> PROBLEM TO SOLVE
Return, verbatim and in full, the records that follow, but not their pictures.

*** PROVIDED DATA Section Begins ***

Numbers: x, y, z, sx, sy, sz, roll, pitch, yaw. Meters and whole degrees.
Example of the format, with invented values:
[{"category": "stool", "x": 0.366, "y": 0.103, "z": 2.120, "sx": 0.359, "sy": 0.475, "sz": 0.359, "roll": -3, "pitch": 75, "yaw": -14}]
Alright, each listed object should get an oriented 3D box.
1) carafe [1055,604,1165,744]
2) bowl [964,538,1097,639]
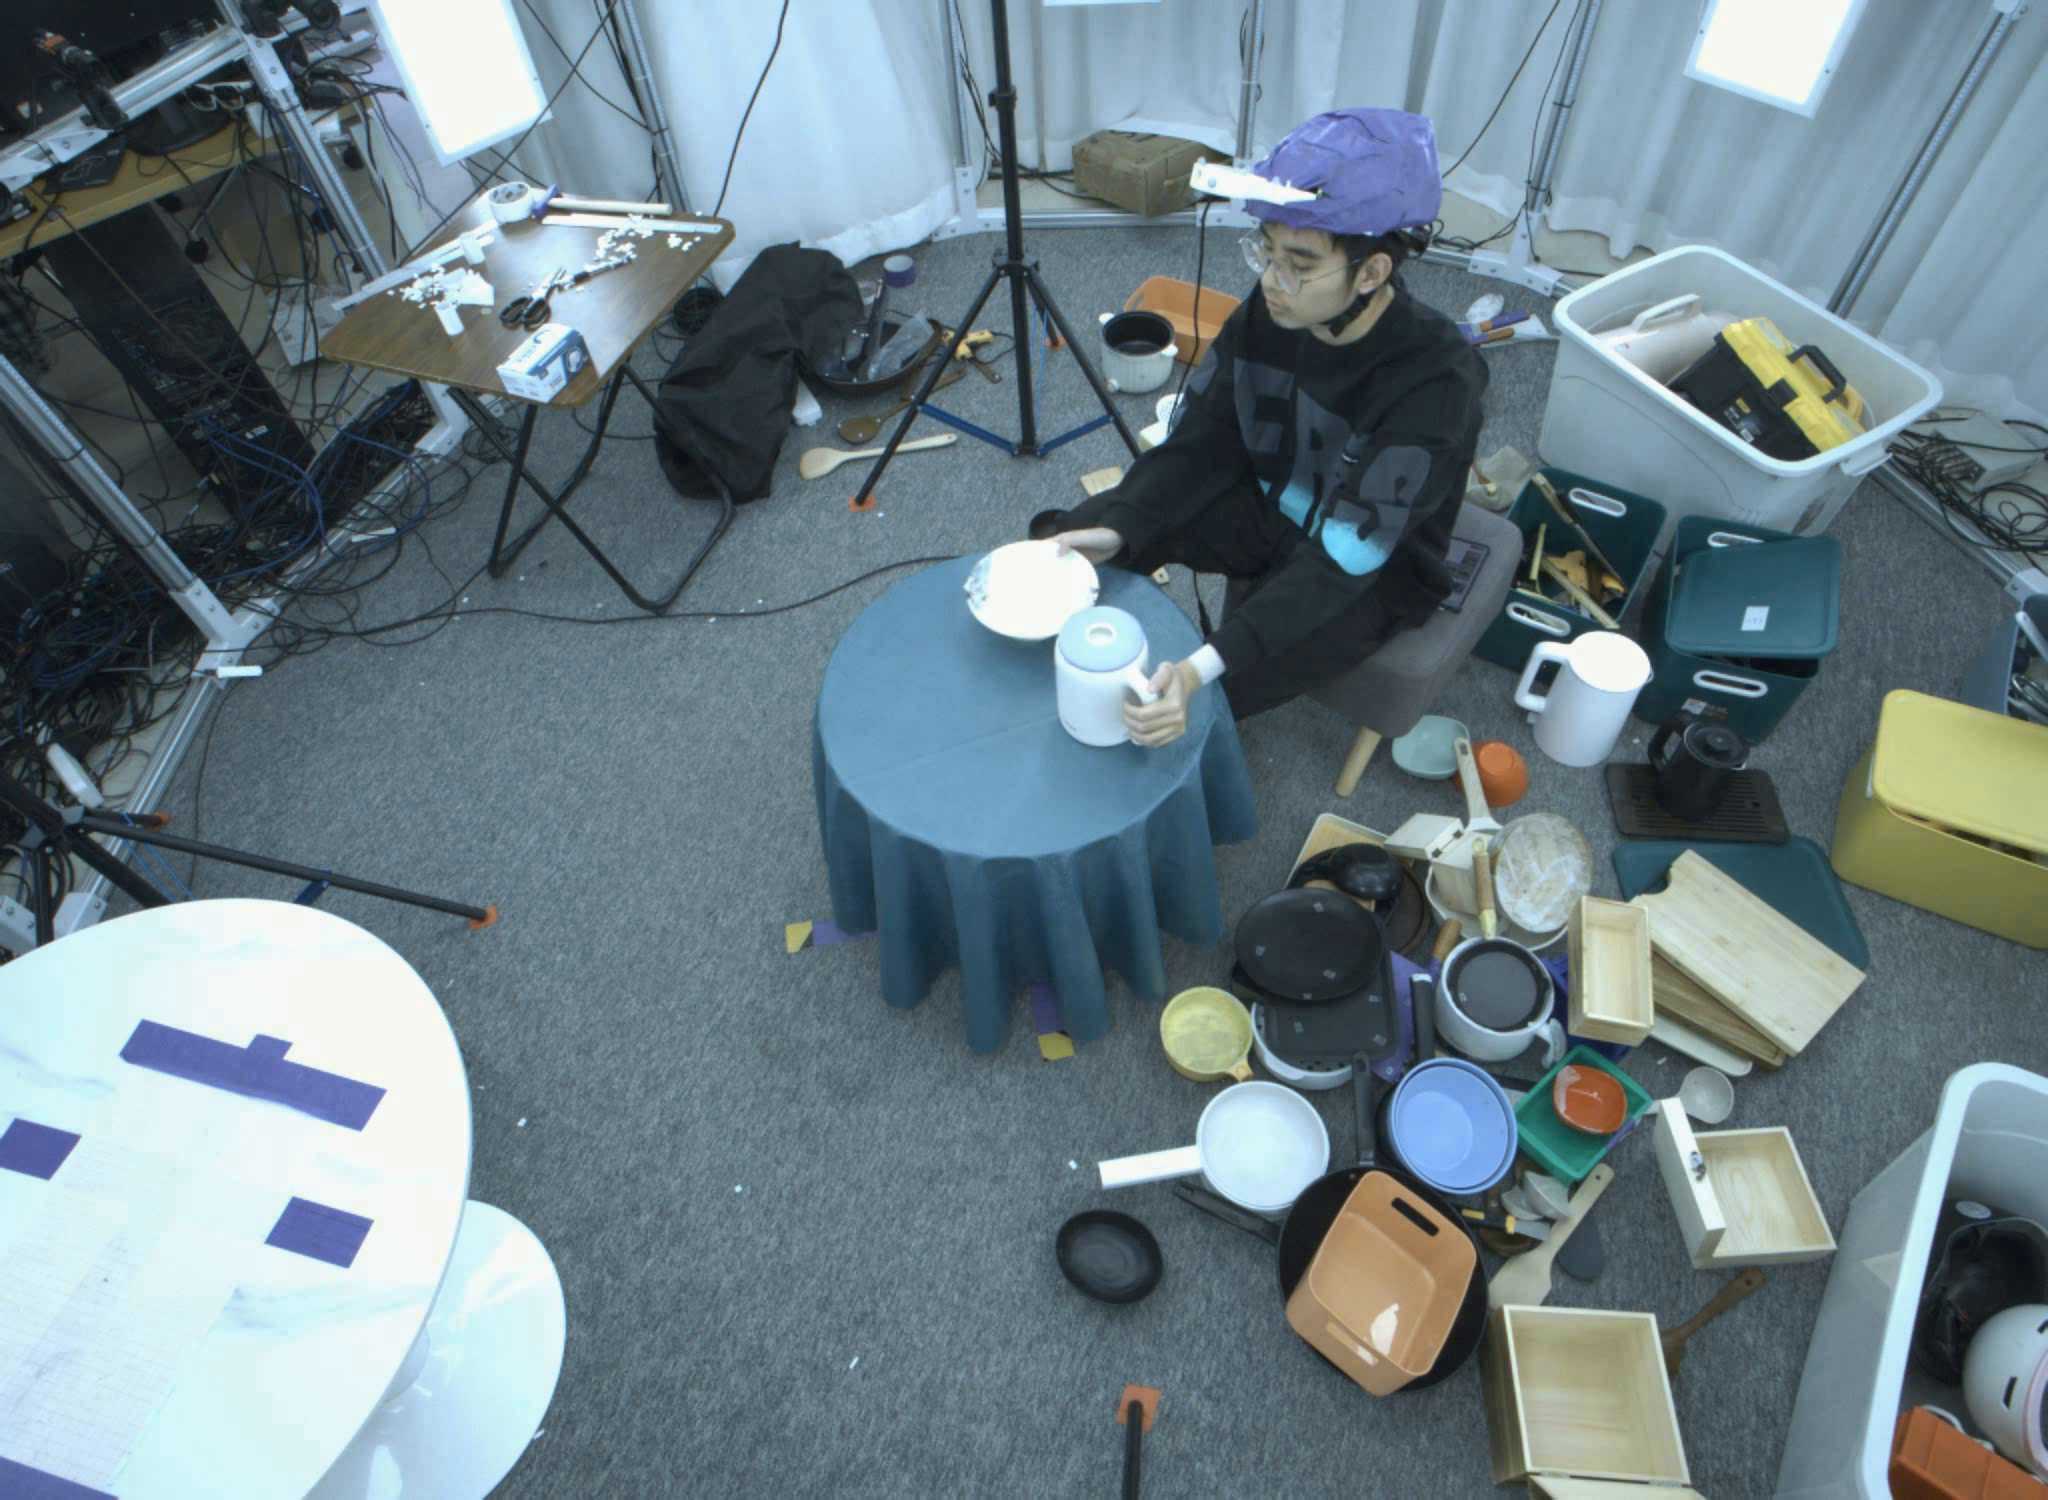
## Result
[{"category": "carafe", "x": 0.127, "y": -0.091, "z": 1.738, "sx": 0.133, "sy": 0.184, "sz": 0.188, "roll": -38, "pitch": 63, "yaw": -20}, {"category": "bowl", "x": 0.010, "y": -0.229, "z": 1.896, "sx": 0.204, "sy": 0.079, "sz": 0.202, "roll": 1, "pitch": 54, "yaw": 0}]

*** PROVIDED DATA Section Ends ***

> ANSWER TO THIS PROBLEM
Numbers: x, y, z, sx, sy, sz, roll, pitch, yaw. Meters and whole degrees.
Example of the format, with invented values:
[{"category": "stool", "x": 0.366, "y": 0.103, "z": 2.120, "sx": 0.359, "sy": 0.475, "sz": 0.359, "roll": -3, "pitch": 75, "yaw": -14}]
Alright, each listed object should get an oriented 3D box.
1) carafe [1055,604,1165,744]
2) bowl [964,538,1097,639]
## Result
[{"category": "carafe", "x": 0.127, "y": -0.091, "z": 1.738, "sx": 0.133, "sy": 0.184, "sz": 0.188, "roll": -38, "pitch": 63, "yaw": -20}, {"category": "bowl", "x": 0.010, "y": -0.229, "z": 1.896, "sx": 0.204, "sy": 0.079, "sz": 0.202, "roll": 1, "pitch": 54, "yaw": 0}]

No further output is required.